I am not even a woman who “works from home.” I am a woman who “stays home,” so one assumes I have endless hours to accomplish all manner of things: laundry, dishes, home-cooked meals, clean floors and toilets and crisply made beds. But no. That is not my reality. Each bed in this house is unmade, dirty sheets speckled with drool and snot and forgotten socks. I am busy, busy, busy all day long, running from chore to child, chore to child, but never really accomplishing anything. It’s so odd all the work to be done that is quickly and continually undone.

Please, little children, sit in front of the t.v. and have your surrogate parent teach you the lessons of the day. Listen to the tiger learn to share and express frustration, say he’s sorry to the meowing kitten scratching out my ear drums. Actually, children, turn that t.v. off!

“But you told us to watch a show…”

“Just turn it off!”

And then comes the guilt. Those career women, those working moms and their voices ringing in my ears:

“You are so lucky to have the opportunity to stay home with your babies.”
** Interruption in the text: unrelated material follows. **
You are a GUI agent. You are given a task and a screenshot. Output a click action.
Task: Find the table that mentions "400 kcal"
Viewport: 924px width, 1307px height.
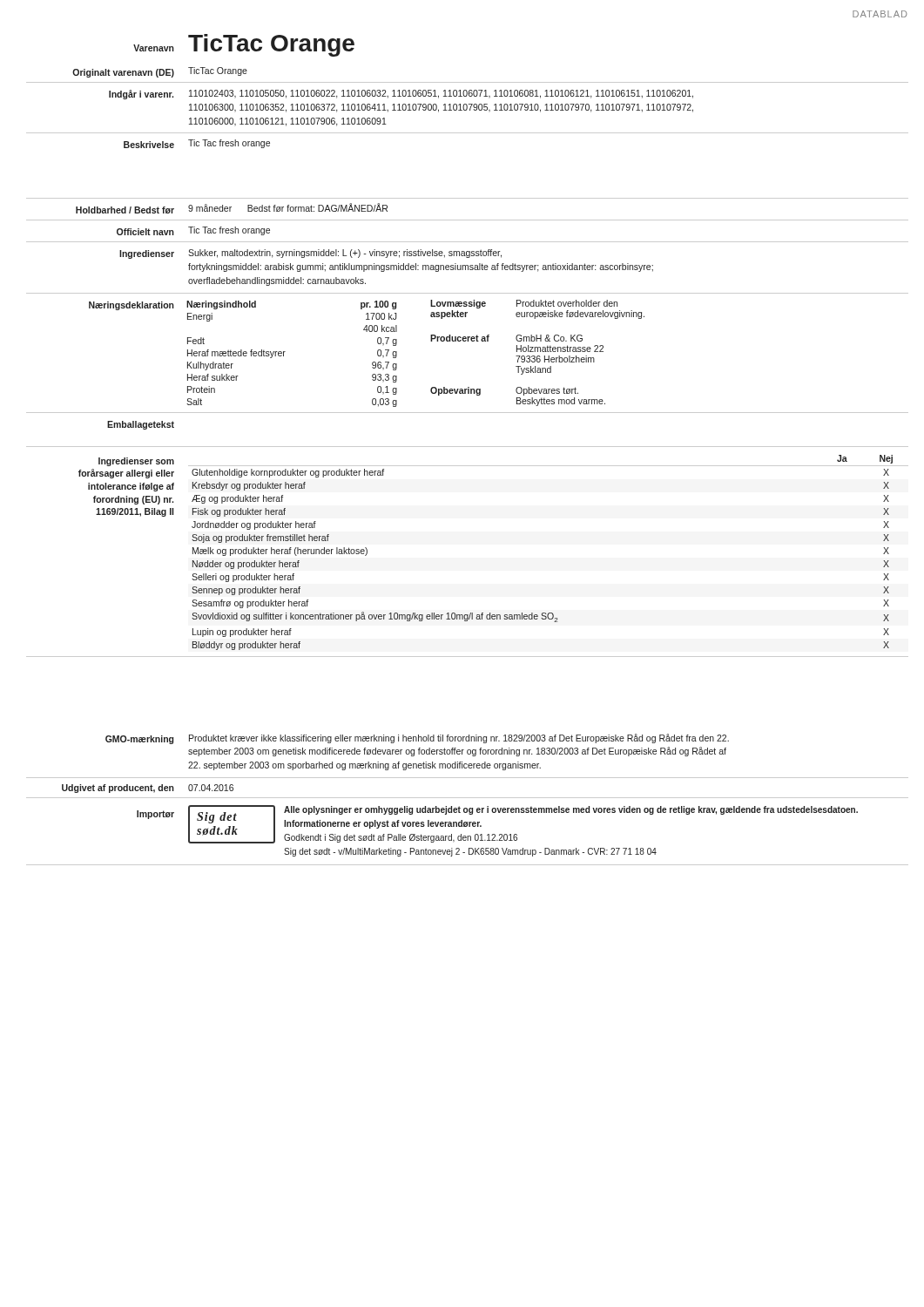pyautogui.click(x=467, y=353)

“Oh my gosh. I wish I could have that much time with my son!”

“I hate having to leave my kids at daycare every day. I feel like someone else is raising them.”

Me too. Their names are Elmo and Daniel Tiger. I can’t teach emotion regulation to a three-year-old! I am 36 and have no idea how to calm myself down; I leave that to PBS and their father. I am not the example they need because this Mommy is not her whole self any longer, this Mommy is missing something. But I am the one who’s here – me and the puppet and the tiger. So much guilt and anger with nowhere to go because there are women wishing for the hours that I am lucky to have, that I take for granted, that I need a break from.

Then, when I take too many breaks, the space between my husband and I becomes toxic. Who does more? Who is afforded the larger rest, the “better” break? Who has taken more than their fair share? We are always keeping score. A hockey game. A girls’ night. A casual dig. An explosion. A fight ensues, and my husband is steady and silent while I spit fire and rage, growling strings of obscenities.

So often muzzled, I use these cracks in my mundane mornings to release all of the demons I can’t show my children who are nearly always milling around my feet. I lose my temper and dignity in one fell swoop. Again, I fail when what I really need is a win, but wins are few and far between on this side of the fence.